Publicacao/Comunicacao
Intimação - sentença
SENTENÇA
Apelante: Joseleide Conceicao de Souza DPGE - 1ª Inst.: Cristiano Ronchi Lobo (OAB: 268411DP/MS)
Apelante: Odete Custódia Ferreira Advogado: Leandro Freitas de Oliveira (OAB: 26872/MS) Apelada: Odete Custódia Ferreira Advogado: Leandro Freitas de Oliveira (OAB: 26872/MS) Apelada: Joseleide Conceicao de Souza DPGE - 1ª Inst.: Cristiano Ronchi Lobo (OAB: 268411DP/MS) EMENTA - APELAÇÕES CÍVEIS - AÇÃO DE INDENIZAÇÃO POR DANOS MATERIAIS E MORAIS - RELACIONAMENTO AMOROSO - TRANSFERÊNCIAS PATRIMONIAIS - ALEGAÇÃO DE DOAÇÃO - ÔNUS DA PROVA DO FATO MODIFICATIVO OU EXTINTIVO - ART. 373, II, CPC - AUSÊNCIA DE COMPROVAÇÃO - NULIDADE DA DOAÇÃO UNIVERSAL - ART. 548, CC - ABUSO DA CONFIANÇA - VIOLAÇÃO DA BOA-FÉ OBJETIVA - DANO MORAL CONFIGURADO - MOTOCICLETA - DOCUMENTOS PREEXISTENTES JUNTADOS EM SEDE RECURSAL - INOVAÇÃO PROBATÓRIA - PRECLUSÃO - ART. 435, CPC - RECURSOS DESPROVIDOS. 1. Aquele que invoca fato impeditivo, modificativo ou extintivo do direito da parte autora atrai para si o ônus da respectiva prova, nos termos do art. 373, II, CPC; não comprovada a causa jurídica alegada para justificar as transferências patrimoniais (quitação de empréstimo anterior, doação ou simples empréstimo de conta bancária), mantém-se a condenação à restituição dos valores e bens correspondentes. 2. É nula a doação que abranja a totalidade do patrimônio do doador sem reserva de parte ou renda suficiente à sua subsistência, nos termos do art. 548, CC, hipótese caracterizada quando comprovado, inclusive por prova testemunhal, que a totalidade do produto da alienação do único bem imóvel da parte doadora foi destinada à parte donatária, sem qualquer reserva, ainda que de forma consciente e voluntária. 3. O rompimento da relação afetiva no dia imediatamente subsequente à formalização do ato de disposição patrimonial, sem que a parte beneficiada comprove causa jurídica legítima para o recebimento dos valores e bens, caracteriza abuso da confiança depositada e violação da boa-fé objetiva, configurando ilicitude apta a gerar dano moral indenizável. 4. A juntada de documentos preexistentes à sentença, não apresentados na fase de instrução por desídia da parte, não pode ocorrer pela primeira vez em sede de apelação, sob pena de violação à preclusão e ao art. 435, CPC, que somente autoriza a produção de prova documental posterior para fatos supervenientes ou para contrapor fatos novos.

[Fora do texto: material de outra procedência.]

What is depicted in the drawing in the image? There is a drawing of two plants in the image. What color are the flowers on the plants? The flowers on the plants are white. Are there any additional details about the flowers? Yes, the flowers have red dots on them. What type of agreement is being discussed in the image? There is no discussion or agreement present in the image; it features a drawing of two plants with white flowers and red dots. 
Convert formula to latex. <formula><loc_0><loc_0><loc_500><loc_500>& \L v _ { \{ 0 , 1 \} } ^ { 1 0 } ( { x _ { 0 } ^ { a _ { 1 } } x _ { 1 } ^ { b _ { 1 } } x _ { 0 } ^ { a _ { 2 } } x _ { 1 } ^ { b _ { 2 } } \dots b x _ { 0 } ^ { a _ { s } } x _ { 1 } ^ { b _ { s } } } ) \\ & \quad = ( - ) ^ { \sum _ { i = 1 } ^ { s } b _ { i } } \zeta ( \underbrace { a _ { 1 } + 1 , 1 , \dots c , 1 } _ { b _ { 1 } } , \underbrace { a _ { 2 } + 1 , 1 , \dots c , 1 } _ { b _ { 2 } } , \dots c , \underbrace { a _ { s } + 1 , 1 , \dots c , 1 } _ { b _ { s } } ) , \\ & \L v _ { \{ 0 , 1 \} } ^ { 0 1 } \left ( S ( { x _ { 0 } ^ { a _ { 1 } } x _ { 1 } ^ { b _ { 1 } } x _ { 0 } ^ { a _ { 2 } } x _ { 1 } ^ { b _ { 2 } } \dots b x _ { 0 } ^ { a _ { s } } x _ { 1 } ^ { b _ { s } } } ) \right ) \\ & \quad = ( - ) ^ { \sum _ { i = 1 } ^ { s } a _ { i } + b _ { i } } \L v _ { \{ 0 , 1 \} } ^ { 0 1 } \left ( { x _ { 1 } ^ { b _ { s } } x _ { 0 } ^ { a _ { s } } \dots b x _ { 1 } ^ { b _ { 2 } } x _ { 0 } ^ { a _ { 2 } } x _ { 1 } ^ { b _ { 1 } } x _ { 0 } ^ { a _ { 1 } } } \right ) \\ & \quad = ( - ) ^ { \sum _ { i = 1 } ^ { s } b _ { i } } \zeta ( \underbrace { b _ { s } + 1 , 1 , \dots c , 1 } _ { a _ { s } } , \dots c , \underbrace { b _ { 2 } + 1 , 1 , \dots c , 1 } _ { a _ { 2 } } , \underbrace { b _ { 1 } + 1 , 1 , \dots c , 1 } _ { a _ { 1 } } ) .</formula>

A C Ó R D Ã O
Acórdão - Apelação Cível nº 0804062-03.2024.8.12.0001 Comarca de Campo Grande - 8ª Vara Cível Relator(a): Des. Luiz Tadeu Barbosa Silva Vistos, relatados e discutidos estes autos, ACORDAM, em sessão permanente e virtual, os(as) magistrados(as) do(a) 4ª Câmara Cível do Tribunal de Justiça de Mato Grosso do Sul, na conformidade da ata de julgamentos, a seguinte decisão: Por unanimidade, negaram provimento aos recursos, nos termos do voto do Relator.